My life's experience has made me a convinced social democrat. I believe in the social market model of capitalism which is a characteristic of European values.

The United States, on the other hand, is a powerful force in the world and the current administration makes no secret of its desire to export its values for universal acceptance. Those values are very radical and very ideological and are unashamedly neo-conservative. But it would be a mistake to look at America exclusively through the prism of the Bush administration. There is now, and always has been a rich stream of progressive opinion in the United States. It would equally be a mistake to assume that American Democrats and European Social Democrats are the same. They are not because the American and European heritage and value systems are different.

Nevertheless, the concept of a just society supported by a public realm has been central to the thinking of people like John Kenneth Galbraith. When he wrote "The Affluent Society" forty odd years ago he railed against what he saw as "private affluence and public squalor".

Likewise Lyndon Johnson, who had a vision for a just society too, except he called it "The Great Society". In a speech at the University of Michigan on 22 May, 1964 he said this to the students:

"Your imagination, your initiative, and your indignation will determine whether we build a society where progress is the servant of our needs, or a society where old values and new visions are buried under unbridled growth. For in your time we have the opportunity to move not only towards the rich society and the powerful society but upward to the Great Society.
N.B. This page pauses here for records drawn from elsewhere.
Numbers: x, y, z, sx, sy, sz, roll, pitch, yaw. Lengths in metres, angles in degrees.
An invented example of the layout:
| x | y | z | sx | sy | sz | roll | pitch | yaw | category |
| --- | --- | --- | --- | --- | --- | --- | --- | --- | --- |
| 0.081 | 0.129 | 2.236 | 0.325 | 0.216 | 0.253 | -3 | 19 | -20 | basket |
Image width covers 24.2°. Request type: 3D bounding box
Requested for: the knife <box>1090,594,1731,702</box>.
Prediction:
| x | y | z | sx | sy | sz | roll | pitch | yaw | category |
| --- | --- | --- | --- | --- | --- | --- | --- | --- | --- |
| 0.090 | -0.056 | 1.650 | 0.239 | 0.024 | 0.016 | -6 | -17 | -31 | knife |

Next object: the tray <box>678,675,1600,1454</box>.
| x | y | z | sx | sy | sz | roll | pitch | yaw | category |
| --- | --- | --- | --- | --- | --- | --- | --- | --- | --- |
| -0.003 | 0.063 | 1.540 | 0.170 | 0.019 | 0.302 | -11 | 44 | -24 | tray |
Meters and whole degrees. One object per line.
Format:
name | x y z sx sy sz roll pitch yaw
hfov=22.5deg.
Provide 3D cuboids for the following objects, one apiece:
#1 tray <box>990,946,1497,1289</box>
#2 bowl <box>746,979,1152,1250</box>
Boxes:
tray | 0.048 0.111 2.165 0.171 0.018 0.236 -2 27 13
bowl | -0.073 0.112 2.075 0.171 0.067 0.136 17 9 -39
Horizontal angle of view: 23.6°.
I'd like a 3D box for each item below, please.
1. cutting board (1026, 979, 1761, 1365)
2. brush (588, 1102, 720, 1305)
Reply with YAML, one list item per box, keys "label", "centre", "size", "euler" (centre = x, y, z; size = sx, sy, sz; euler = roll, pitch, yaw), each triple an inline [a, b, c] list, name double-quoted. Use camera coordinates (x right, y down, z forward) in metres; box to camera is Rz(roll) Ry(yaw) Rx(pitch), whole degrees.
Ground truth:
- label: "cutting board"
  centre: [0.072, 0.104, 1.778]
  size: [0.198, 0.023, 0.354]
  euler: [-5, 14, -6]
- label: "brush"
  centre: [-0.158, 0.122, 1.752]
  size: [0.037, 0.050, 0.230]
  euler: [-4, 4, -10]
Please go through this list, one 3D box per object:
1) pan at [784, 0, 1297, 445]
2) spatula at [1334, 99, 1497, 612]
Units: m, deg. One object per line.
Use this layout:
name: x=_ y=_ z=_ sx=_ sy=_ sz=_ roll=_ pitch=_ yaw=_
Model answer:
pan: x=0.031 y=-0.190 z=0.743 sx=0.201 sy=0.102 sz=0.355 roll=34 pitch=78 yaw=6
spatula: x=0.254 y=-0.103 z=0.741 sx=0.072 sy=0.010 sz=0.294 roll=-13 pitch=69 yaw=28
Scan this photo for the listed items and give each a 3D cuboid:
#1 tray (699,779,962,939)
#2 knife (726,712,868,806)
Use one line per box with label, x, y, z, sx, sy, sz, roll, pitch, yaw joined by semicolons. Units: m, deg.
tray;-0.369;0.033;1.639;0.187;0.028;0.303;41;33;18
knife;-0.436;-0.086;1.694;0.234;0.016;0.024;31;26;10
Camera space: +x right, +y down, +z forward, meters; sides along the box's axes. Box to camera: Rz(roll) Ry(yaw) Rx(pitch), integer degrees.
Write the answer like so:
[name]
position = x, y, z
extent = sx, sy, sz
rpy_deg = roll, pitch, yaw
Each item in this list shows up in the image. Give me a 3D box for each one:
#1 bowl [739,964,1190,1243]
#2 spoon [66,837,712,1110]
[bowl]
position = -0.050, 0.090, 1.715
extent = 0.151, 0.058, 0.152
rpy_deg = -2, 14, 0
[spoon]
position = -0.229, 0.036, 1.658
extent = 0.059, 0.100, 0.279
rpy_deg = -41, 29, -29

The Great Society rests on abundance and liberty for all. It demands an end to poverty and racial injustice, to which we are totally committed in our time. But that is just the beginning.

The Great Society is a place where every child can find knowledge to enrich his mind and to enlarge his talents. It is a place where leisure is a welcome chance to build and reflect, not a feared cause of boredom and restlessness. I t is a place where the city of man serves not only the needs of the body and the demands of commerce but the desire for beauty and the hunger for community".

If such sentiments seem foreign to the present polity of the United States we must remember that what changed once can change again.

Either way it would be disastrous for Europe to allow itself to be seduced by the doctrine of the of the American neo-conservatives.

While the United States has been able to escape - so far - the social consequences of its economic structures, both because of the commonly accepted myth of its exceptional social mobility and also because of its profound cultural attachment to particular ideas of liberty which excuse social suffering, no such avenue is open to Europeans.

Belief that the wealthy and propertied have reciprocal obligations to the society of which they are a part goes back to early Christendom. It can rationally be asserted from this that capitalism does not exist independently of society, and that it is proper for the democratic will to be asserted over business and private power. This is the core of the European value system reflected in the social market model of capitalism.

There is currently a debate in process about what is known as "services of general interest". The question is what level of public service provision should remain the responsibility of the government in order to ensure a basic quality of life for all European citizens. It is important, I submit, that this public realm be sufficiently broadly defined to underpin the concept of the just society of which I have spoken tonight.